When central banks started hiking short term interest rates in recent months, banks with balance sheets full of supposedly “safe” long-term treasury bonds suddenly found themselves staring at serious capital losses. But not to worry. Troubled banks can now offer up these assets as loan collateral at the Fed at purchase value instead of market value. And no one needs to know that they’re doing it. What could possibly go wrong?
https://twitter.com/JoeConsorti/status/1666946804892532738

It’s digits…not cash.
Cash is physical.
Not to worry … this is “NEW” monetary theory! Where governments can print ALL the dollars they want … to spend on all the STUPID, FAKE, things and people, err “infrastructure” they want with no ill-effect. It’s “progressive” monetary theory. And haven’t the “progressives” made everything so swell already!? Aren’t “progressive”, BLUE cities the shit? Sorry.
We need to dismiss the naysayers who believe in archaic things like the VALUE of money. Of course your neighbor will accept the same amount of devalued dollars for their services. Why would dollars ever become less valued? Our government can print all the money … digital currency it wants!
And the electorates of Western democracies keep sailing on in the SS Blissful Ignorance.
“suddenly found themselves staring at serious capital losses”
Only if they need to cash those bonds. Their market value drops significantly, but that alone does not create a cash flow issue.
A little panic and then the scramble to maintain required fractional reserves is all it takes – slowly at first, then, all of a sudden.
Yep. Deposit runs result in the underwater bonds being cashed, therefore real losses.
I think banks will learn to keep bigger cash reserves whenever interest rates may go up. Or go with shorter terms.
Why would bank executives learn?
They know they’ll get bailed out, and they’ll keep their bonuses too
They take risks, cash in on the upsides, and get bailed out on the downsides.
– And if worst comes to worst, they’ll be shown the door – and then go and retire on their $100-million-plus golden parachute. After all, (1) every bank exec who was fired last time got at least that much, (2) none of them were charged and ended-up in jail for their glaring and “interested” malfeasance, and (3) whoever is brought-in to clean-up the mess won’t come to work in the first place unless they’re promised at least the same amount.

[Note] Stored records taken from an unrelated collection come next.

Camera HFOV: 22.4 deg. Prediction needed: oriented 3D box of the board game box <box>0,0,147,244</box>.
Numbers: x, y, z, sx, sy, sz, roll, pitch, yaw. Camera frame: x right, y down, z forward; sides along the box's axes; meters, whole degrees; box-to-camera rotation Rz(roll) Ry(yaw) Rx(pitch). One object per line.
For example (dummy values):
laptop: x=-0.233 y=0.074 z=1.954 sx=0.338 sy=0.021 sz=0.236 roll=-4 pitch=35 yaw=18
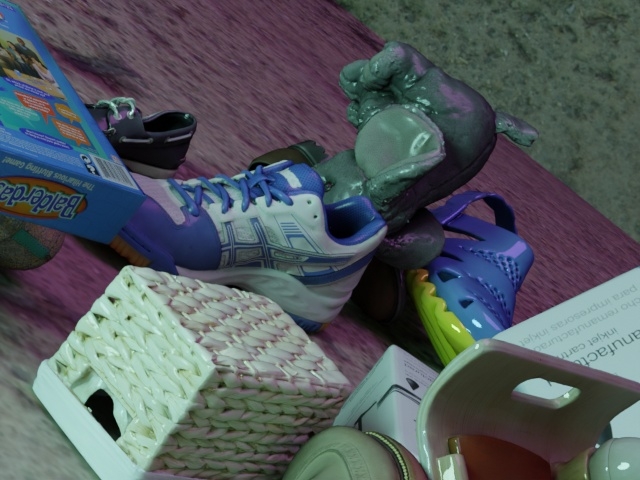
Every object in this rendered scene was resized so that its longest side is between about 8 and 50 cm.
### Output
board game box: x=-0.220 y=-0.096 z=1.021 sx=0.160 sy=0.047 sz=0.210 roll=19 pitch=28 yaw=-49

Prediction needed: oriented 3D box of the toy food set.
toy food set: x=0.174 y=0.224 z=0.995 sx=0.220 sy=0.092 sz=0.306 roll=19 pitch=55 yaw=-52

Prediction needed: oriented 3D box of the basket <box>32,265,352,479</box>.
basket: x=-0.075 y=0.093 z=1.017 sx=0.113 sy=0.103 sz=0.167 roll=45 pitch=17 yaw=32

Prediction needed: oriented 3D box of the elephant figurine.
elephant figurine: x=0.056 y=-0.052 z=1.499 sx=0.169 sy=0.186 sz=0.239 roll=46 pitch=47 yaw=-23

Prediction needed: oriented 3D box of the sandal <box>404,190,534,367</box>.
sandal: x=0.150 y=0.033 z=1.611 sx=0.317 sy=0.138 sz=0.126 roll=-108 pitch=175 yaw=-61

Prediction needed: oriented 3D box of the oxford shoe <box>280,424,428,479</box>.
oxford shoe: x=-0.027 y=0.165 z=0.876 sx=0.130 sy=0.123 sz=0.348 roll=34 pitch=15 yaw=-2

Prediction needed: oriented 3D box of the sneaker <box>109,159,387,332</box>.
sneaker: x=-0.069 y=-0.024 z=1.344 sx=0.296 sy=0.131 sz=0.112 roll=19 pitch=25 yaw=-46

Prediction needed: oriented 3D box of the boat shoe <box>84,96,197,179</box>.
boat shoe: x=-0.187 y=-0.108 z=1.450 sx=0.075 sy=0.065 sz=0.206 roll=46 pitch=17 yaw=31

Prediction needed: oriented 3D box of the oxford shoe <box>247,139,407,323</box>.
oxford shoe: x=0.000 y=0.000 z=1.574 sx=0.096 sy=0.083 sz=0.227 roll=-12 pitch=50 yaw=-37

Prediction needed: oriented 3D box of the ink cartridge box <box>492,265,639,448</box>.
ink cartridge box: x=0.347 y=0.189 z=1.220 sx=0.395 sy=0.285 sz=0.166 roll=-121 pitch=-172 yaw=-45

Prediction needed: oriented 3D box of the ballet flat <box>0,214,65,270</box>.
ballet flat: x=-0.258 y=-0.083 z=1.183 sx=0.106 sy=0.107 sz=0.316 roll=45 pitch=11 yaw=-44

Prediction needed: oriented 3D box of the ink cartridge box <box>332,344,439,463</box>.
ink cartridge box: x=0.089 y=0.178 z=1.171 sx=0.148 sy=0.086 sz=0.203 roll=35 pitch=14 yaw=-10
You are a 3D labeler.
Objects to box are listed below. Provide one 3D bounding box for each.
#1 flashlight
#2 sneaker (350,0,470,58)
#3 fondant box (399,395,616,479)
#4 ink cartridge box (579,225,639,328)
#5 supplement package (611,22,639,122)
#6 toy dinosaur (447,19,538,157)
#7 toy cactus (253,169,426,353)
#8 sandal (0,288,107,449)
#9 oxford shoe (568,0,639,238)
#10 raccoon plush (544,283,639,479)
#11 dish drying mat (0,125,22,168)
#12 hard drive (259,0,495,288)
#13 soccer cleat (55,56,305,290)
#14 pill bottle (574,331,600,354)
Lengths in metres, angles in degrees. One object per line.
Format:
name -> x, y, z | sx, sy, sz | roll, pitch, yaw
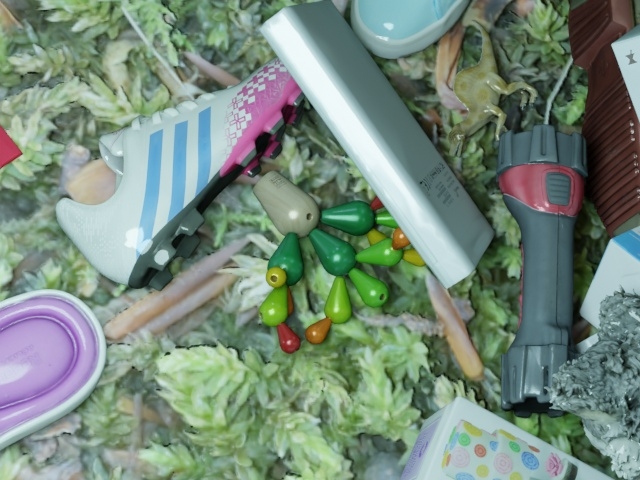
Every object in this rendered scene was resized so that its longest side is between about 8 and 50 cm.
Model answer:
flashlight -> 0.231, 0.033, 1.524 | 0.103, 0.103, 0.304 | 30, 59, -53
sneaker -> 0.146, -0.374, 1.591 | 0.135, 0.150, 0.366 | 29, 76, 14
fondant box -> 0.216, 0.337, 1.396 | 0.330, 0.096, 0.238 | 29, 63, -6
ink cartridge box -> 0.366, 0.030, 1.532 | 0.180, 0.104, 0.060 | -21, 48, -39
supplement package -> 0.478, -0.182, 1.542 | 0.262, 0.199, 0.198 | -35, 107, -49
toy dinosaur -> 0.194, -0.172, 1.612 | 0.092, 0.053, 0.183 | 20, 65, -8
toy cactus -> 0.000, 0.000, 1.465 | 0.219, 0.112, 0.180 | -39, 75, -18
sandal -> -0.373, 0.162, 1.268 | 0.416, 0.102, 0.169 | -38, 84, -26
oxford shoe -> 0.371, -0.153, 1.627 | 0.130, 0.123, 0.348 | 8, 68, -21
raccoon plush -> 0.426, 0.123, 1.302 | 0.299, 0.446, 0.216 | 45, 39, 0
dish drying mat -> -0.336, -0.110, 1.440 | 0.032, 0.008, 0.083 | -38, 84, -27
hard drive -> 0.065, -0.105, 1.458 | 0.040, 0.203, 0.307 | -36, 91, 17
soccer cleat -> -0.132, -0.100, 1.444 | 0.143, 0.116, 0.331 | 36, 61, 6
pill bottle -> 0.311, 0.155, 1.515 | 0.065, 0.065, 0.116 | -23, 78, -24
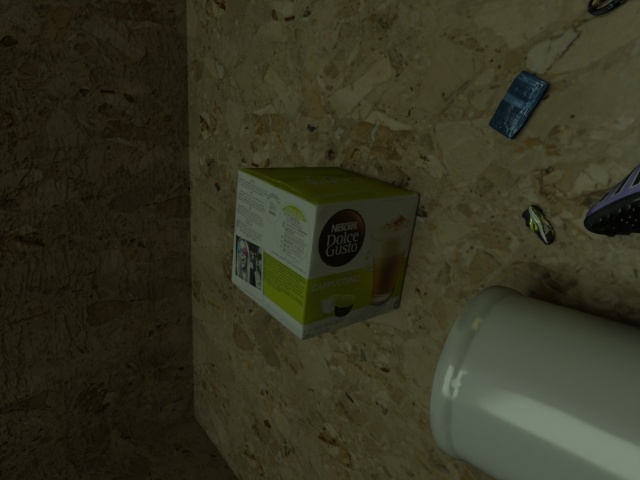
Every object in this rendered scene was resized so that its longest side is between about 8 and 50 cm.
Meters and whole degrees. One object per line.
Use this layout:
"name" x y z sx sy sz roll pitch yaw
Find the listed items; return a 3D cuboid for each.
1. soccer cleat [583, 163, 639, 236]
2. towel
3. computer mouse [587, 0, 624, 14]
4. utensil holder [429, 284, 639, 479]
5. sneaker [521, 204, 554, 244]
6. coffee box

– Adjusted upwards for inflation, of course.
Amen.
alla unDORK
Try schitt like that as a private citizen.
They would “Trump” you!
Allan, that is not correct. Those bonds generate interest at a rate far below what the banks must now pay for their deposits, or lose them to money market and other short term options available. That creates the cash flow problem. The capital value of the bonds merely reflects that reality.
In essence a secret bailout. Public bailouts led to accelerated runs.
What could go wrong? When failures occur the losses are greater than otherwise would have been. Good money sent after bad. Whole system put at risk. Or more money printed to bail out the wealthy as a stealth tax on the poor and middle classes.
It’s a roll of the dice. If the bankrupt banks can recover before they fail, it works out.
It is equivalent to you going to the bank and asking for an increase in your mortgage of $100,000. The bank responds that your mortgage is already under water, you owe us $500,000 and your house’s market price went down from $600,000 to $400,000. Well, if Mr. Bankster, lend me $100,000 now and everything will work out (real estate will go up, I’ll make my mortgage payments) or I default now and you’ll be looking at losing $100,000 when you foreclose.
The Fed as the Bankster to the Banksters response is, okay, makes sense here is a $100,000 increase on your mortgage.
Some banks are now requesting details of financial transactions before they’ll release the money
Here’s an interesting example. Great reply to the bank.
https://twitter.com/ViktoriaMullova/status/1666812287091605506
Nothing to see. Anyone remember when Harper passed legislation allowing banks to replace your cash with bank shares? To me , the question is no longer what is going to happen, it is when and what shall they let you keep to survive. We have been told you will own nothing ( and be happy?) , but we really don’t comprehend nor believe it.
concerned
That “own nothing” just got closer to reality, butt many will not understand that!
You will be happy… or else!
Off to the gulag, concerned. Can’t have any unhappy campers around harshing the mellow, can we?
Eventually these loans will start showing up on balance sheets, making those banks appear to be in even worse shape than they were before, which might allow Treasury to conspire with JP Morgan Chase to screw over stockholders of the troubled banks…
About 5 years ago my wife and I were evaluating our financial situation as we neared retirement and I remember saying to her, “We are in pretty good shape so long as inflation stays under control; taxes do not increase; and the government doesn’t devalue our currency like Zimbabwe.”
Her response was, “That’ll never happen.”
Imagine that,in modern speak,fraud is now “Super Secret Banking”.
Where the profit(Or apparent profit) is privatized.
And the losses are socialized..
With the actual facts being kept from the shareholders..
A perfect situation in Justine,the Petulant’s Can Ahh Duh..
Where we have “Super Secret Orders in Council”,which have the full authority of law..
Justine says “People with ‘unacceptable views’ are terrorists..Its the law!.